# Thoughts On Ford Excursion Diesels



## Reverie (Aug 9, 2004)

I am considering the purchase of a used (obviously) diesel Ford Excursion. I would like people's thoughts about this vehicle. I pull an '03 28 BHS.

I am particularly interested in hearing what it is like to live with this as a daily driver. What kind of mileage are you getting both around town and on the road, particularly when you tow. Does it pull with authority or is it a struggle. What kind of reliability issues do you know of?

I am attracted to the turbo diesel for the power, the three rows of seats and the ability to equip it in a variety of ways.

Your thoughts,

Reverie


----------



## PDX_Doug (Nov 16, 2004)

X2...

I've always been a bit taken with the Excursion myself. It would be interesting to know how it does as a daily driver.

Happy Trails,
Doug


----------



## jasonrebecca (Oct 30, 2007)

I have made a few road trips in one, and the owner said that it went through front brakes like crazy. It was a ford issue and was resolved with a recall if I remember. Fit 6 adults and our junk for a weekend in Portland for CART races easily.
He also towed horses without a problem.


----------



## Nathan (Jan 2, 2007)

My last supervisor had one with the 6.0L Diesel. He said he could get 18mpg on the highway if he behaved. (I don't think he did very often though)
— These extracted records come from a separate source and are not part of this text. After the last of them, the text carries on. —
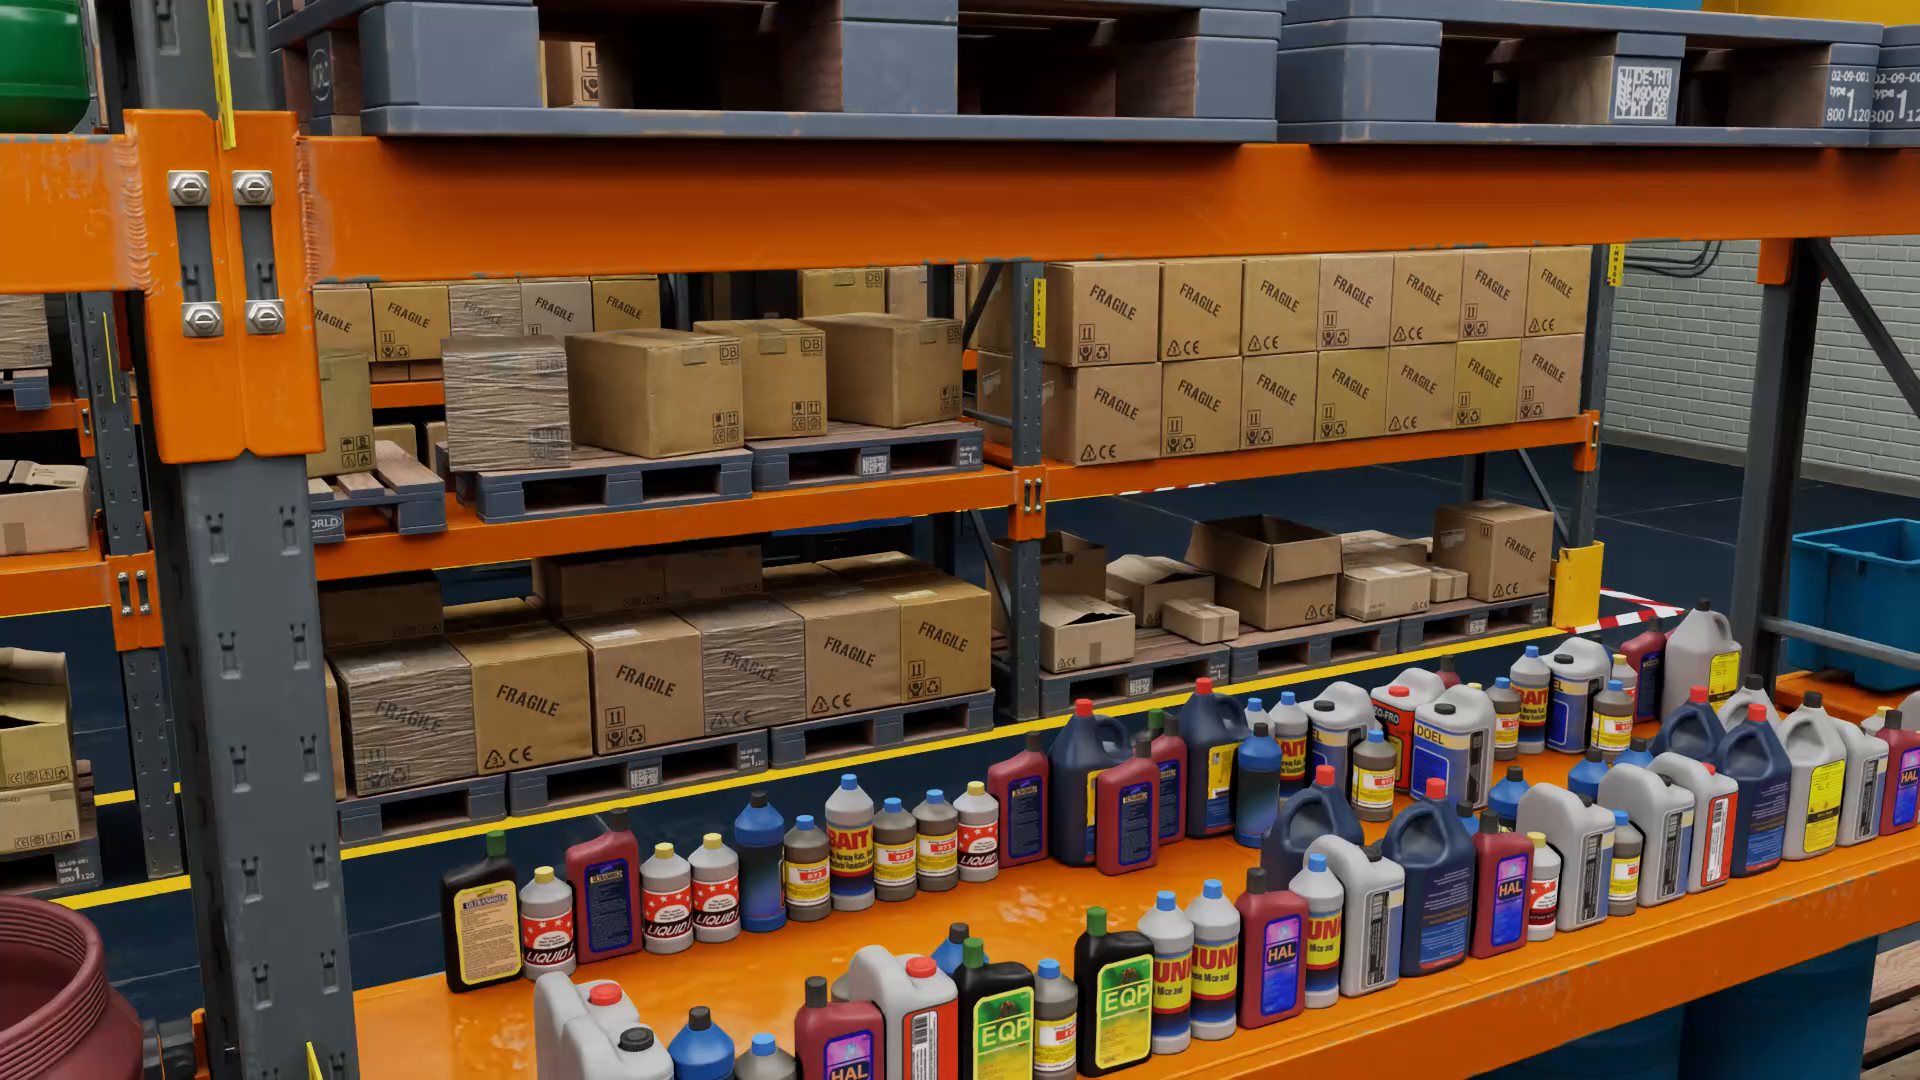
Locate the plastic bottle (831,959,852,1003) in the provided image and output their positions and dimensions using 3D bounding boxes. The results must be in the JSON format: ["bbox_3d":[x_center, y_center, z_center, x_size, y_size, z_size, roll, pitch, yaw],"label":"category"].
[{"bbox_3d":[-0.163,0.786,2.735,0.097,0.201,0.097,0,13,0],"label":"plastic bottle"}]

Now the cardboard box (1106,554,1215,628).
[{"bbox_3d":[1.136,0.271,9.693,0.500,0.311,0.500,-7,14,-28],"label":"cardboard box"}]

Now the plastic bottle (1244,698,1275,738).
[{"bbox_3d":[0.678,0.500,3.850,0.097,0.271,0.097,0,13,0],"label":"plastic bottle"}]

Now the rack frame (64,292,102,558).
[{"bbox_3d":[-5.775,-1.166,10.957,0.127,3.000,1.000,-7,14,-28],"label":"rack frame"}]

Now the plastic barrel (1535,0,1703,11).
[{"bbox_3d":[1.058,-1.381,2.984,0.708,0.901,0.600,-7,14,-28],"label":"plastic barrel"}]

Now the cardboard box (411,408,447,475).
[{"bbox_3d":[-3.551,-0.555,12.184,0.750,0.750,0.750,-6,14,-26],"label":"cardboard box"}]

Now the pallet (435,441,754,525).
[{"bbox_3d":[-1.693,-0.323,7.651,1.213,0.211,1.003,-7,14,-28],"label":"pallet"}]

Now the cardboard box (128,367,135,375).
[{"bbox_3d":[-5.226,-1.371,10.919,0.500,0.500,0.500,-6,14,-26],"label":"cardboard box"}]

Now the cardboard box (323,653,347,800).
[{"bbox_3d":[-2.861,0.801,6.911,0.500,0.500,0.500,-6,14,-25],"label":"cardboard box"}]

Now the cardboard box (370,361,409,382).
[{"bbox_3d":[-4.034,-1.206,11.664,0.250,0.149,0.380,-7,14,-28],"label":"cardboard box"}]

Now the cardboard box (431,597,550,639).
[{"bbox_3d":[-2.235,0.595,7.823,0.500,0.500,0.500,-7,15,-30],"label":"cardboard box"}]

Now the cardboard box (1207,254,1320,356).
[{"bbox_3d":[1.566,-1.273,8.927,0.500,0.500,0.500,-7,15,-30],"label":"cardboard box"}]

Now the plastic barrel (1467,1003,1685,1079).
[{"bbox_3d":[1.376,1.270,3.957,0.708,0.901,0.600,-7,14,-28],"label":"plastic barrel"}]

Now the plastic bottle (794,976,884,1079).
[{"bbox_3d":[-0.183,0.791,2.526,0.133,0.283,0.061,-7,14,-28],"label":"plastic bottle"}]

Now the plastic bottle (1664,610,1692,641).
[{"bbox_3d":[1.957,0.336,4.550,0.133,0.283,0.061,-7,14,-28],"label":"plastic bottle"}]

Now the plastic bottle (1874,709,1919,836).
[{"bbox_3d":[2.111,0.517,3.748,0.133,0.283,0.061,-7,14,-28],"label":"plastic bottle"}]

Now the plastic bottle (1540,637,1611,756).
[{"bbox_3d":[1.573,0.397,4.296,0.135,0.276,0.152,-7,14,-28],"label":"plastic bottle"}]

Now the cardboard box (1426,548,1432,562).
[{"bbox_3d":[2.872,0.119,10.701,0.250,0.166,0.380,-7,14,-28],"label":"cardboard box"}]

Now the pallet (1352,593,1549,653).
[{"bbox_3d":[2.858,0.400,10.354,1.213,0.211,1.003,-7,14,-28],"label":"pallet"}]

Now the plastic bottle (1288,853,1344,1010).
[{"bbox_3d":[0.636,0.695,2.984,0.097,0.271,0.097,0,13,0],"label":"plastic bottle"}]

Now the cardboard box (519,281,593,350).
[{"bbox_3d":[-2.991,-1.637,12.102,0.500,0.500,0.500,-7,14,-27],"label":"cardboard box"}]

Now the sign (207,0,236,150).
[{"bbox_3d":[-0.758,-0.564,1.688,0.005,0.325,0.100,-7,14,-28],"label":"sign"}]

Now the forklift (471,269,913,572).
[{"bbox_3d":[-1.893,-1.215,11.331,3.031,2.935,1.130,-6,14,-24],"label":"forklift"}]

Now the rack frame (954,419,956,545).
[{"bbox_3d":[-0.093,-0.574,12.428,0.006,1.200,0.240,-7,14,-28],"label":"rack frame"}]

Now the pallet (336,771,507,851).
[{"bbox_3d":[-2.724,1.078,7.340,1.213,0.211,1.003,-7,14,-28],"label":"pallet"}]

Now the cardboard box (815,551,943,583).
[{"bbox_3d":[-0.428,0.377,8.795,0.500,0.500,0.500,-8,15,-30],"label":"cardboard box"}]

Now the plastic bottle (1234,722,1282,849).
[{"bbox_3d":[0.661,0.538,3.681,0.097,0.271,0.097,0,13,0],"label":"plastic bottle"}]

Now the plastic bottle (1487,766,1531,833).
[{"bbox_3d":[1.131,0.597,3.417,0.097,0.271,0.097,0,13,0],"label":"plastic bottle"}]

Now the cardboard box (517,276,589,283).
[{"bbox_3d":[-3.005,-2.006,12.030,0.500,0.250,0.500,-6,14,-27],"label":"cardboard box"}]

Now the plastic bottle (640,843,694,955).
[{"bbox_3d":[-0.565,0.683,3.196,0.097,0.201,0.097,0,13,0],"label":"plastic bottle"}]

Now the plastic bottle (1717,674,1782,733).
[{"bbox_3d":[1.764,0.479,3.762,0.185,0.351,0.144,-7,14,-28],"label":"plastic bottle"}]

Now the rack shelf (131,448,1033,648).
[{"bbox_3d":[-1.642,-0.071,7.731,4.000,0.370,1.077,-7,14,-28],"label":"rack shelf"}]

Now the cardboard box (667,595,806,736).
[{"bbox_3d":[-1.061,0.583,7.879,0.500,0.500,0.500,-7,14,-27],"label":"cardboard box"}]

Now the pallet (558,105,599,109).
[{"bbox_3d":[-1.402,-1.839,7.546,1.003,0.211,1.213,-7,14,-28],"label":"pallet"}]

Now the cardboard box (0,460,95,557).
[{"bbox_3d":[-3.738,-0.138,6.594,0.500,0.311,0.500,-6,14,-24],"label":"cardboard box"}]

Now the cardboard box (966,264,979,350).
[{"bbox_3d":[0.171,-2.019,14.067,0.700,0.700,0.980,-7,14,-28],"label":"cardboard box"}]

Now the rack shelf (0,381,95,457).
[{"bbox_3d":[-7.530,-0.604,10.101,4.000,0.370,1.077,-7,14,-28],"label":"rack shelf"}]

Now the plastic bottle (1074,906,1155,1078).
[{"bbox_3d":[0.255,0.739,2.759,0.133,0.283,0.061,-7,14,-28],"label":"plastic bottle"}]

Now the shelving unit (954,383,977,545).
[{"bbox_3d":[-0.013,-0.584,12.471,0.189,1.200,0.258,-7,14,-28],"label":"shelving unit"}]

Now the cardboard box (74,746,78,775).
[{"bbox_3d":[-3.998,0.924,6.979,0.500,0.250,0.500,-7,14,-28],"label":"cardboard box"}]

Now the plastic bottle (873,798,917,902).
[{"bbox_3d":[-0.137,0.632,3.423,0.097,0.201,0.097,0,13,0],"label":"plastic bottle"}]

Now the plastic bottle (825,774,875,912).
[{"bbox_3d":[-0.223,0.608,3.370,0.097,0.271,0.097,0,13,0],"label":"plastic bottle"}]

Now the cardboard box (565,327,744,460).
[{"bbox_3d":[-1.408,-0.688,7.651,0.500,0.500,0.700,-12,17,-42],"label":"cardboard box"}]

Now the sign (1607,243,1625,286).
[{"bbox_3d":[3.872,-1.663,9.810,0.005,0.325,0.100,-7,14,-28],"label":"sign"}]

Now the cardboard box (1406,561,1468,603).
[{"bbox_3d":[2.866,0.245,10.142,0.250,0.166,0.380,-7,14,-28],"label":"cardboard box"}]

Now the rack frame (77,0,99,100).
[{"bbox_3d":[-3.398,-3.138,6.058,0.127,3.000,1.000,-7,14,-28],"label":"rack frame"}]

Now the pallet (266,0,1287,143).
[{"bbox_3d":[-0.310,-0.689,2.439,1.213,0.211,1.003,-7,14,-28],"label":"pallet"}]

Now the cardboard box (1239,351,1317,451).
[{"bbox_3d":[1.579,-0.789,9.055,0.500,0.500,0.500,-7,14,-28],"label":"cardboard box"}]

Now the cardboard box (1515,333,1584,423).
[{"bbox_3d":[3.361,-1.002,10.003,0.500,0.500,0.500,-6,14,-26],"label":"cardboard box"}]

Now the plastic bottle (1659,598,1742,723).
[{"bbox_3d":[1.983,0.326,4.443,0.185,0.351,0.144,-7,14,-28],"label":"plastic bottle"}]

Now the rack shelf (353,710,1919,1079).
[{"bbox_3d":[0.728,0.884,3.487,4.000,0.370,1.077,-7,14,-28],"label":"rack shelf"}]

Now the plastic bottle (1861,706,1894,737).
[{"bbox_3d":[2.216,0.501,4.002,0.097,0.201,0.097,0,13,0],"label":"plastic bottle"}]

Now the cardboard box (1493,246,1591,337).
[{"bbox_3d":[3.365,-1.490,9.892,0.500,0.500,0.500,-7,14,-28],"label":"cardboard box"}]

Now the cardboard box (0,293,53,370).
[{"bbox_3d":[-6.182,-1.378,10.669,0.500,0.500,0.700,-9,15,-34],"label":"cardboard box"}]

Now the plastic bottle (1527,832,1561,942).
[{"bbox_3d":[1.118,0.671,3.249,0.097,0.201,0.097,0,13,0],"label":"plastic bottle"}]

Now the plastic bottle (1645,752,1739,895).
[{"bbox_3d":[1.529,0.578,3.489,0.135,0.276,0.152,-7,14,-28],"label":"plastic bottle"}]

The torque in any of those diesel trucks is impressive. The accelleration while getting on the expressway with him driving gave the impression of being in a sport sedan, not a truck.


----------



## MJRey (Jan 21, 2005)

I tried a couple of years ago to buy an Excursion but couldn't get DW to agree to get it since it would have been her daily driver. Nice trucks but I would recommend that you check out the maintenance history on any one you look at. The best way I've found to do this is to post the VIN at the following site:

http://www.ford-trucks.com/forums/601810-o...est-thread.html

One of the guys there will get the OASIS (Ford Maintenance History) report for the truck and you'll be able to see if it's had any problems that would be a concern. They usually respond in a day or two but this time of year the response might be a bit slower. A few months ago I saw a truck that looked really nice until I got the report that showed it had been in the shop for numerous problems.


----------



## ChopperCop (Oct 2, 2005)

Love it, Love it, Love it. Both as a daily driver and as a tow vehicle. More room than I could ever use with just three in the family. On trips, We lay the center seats flat and my daughter sits on the third row seat with more leg room than she knows what to do with.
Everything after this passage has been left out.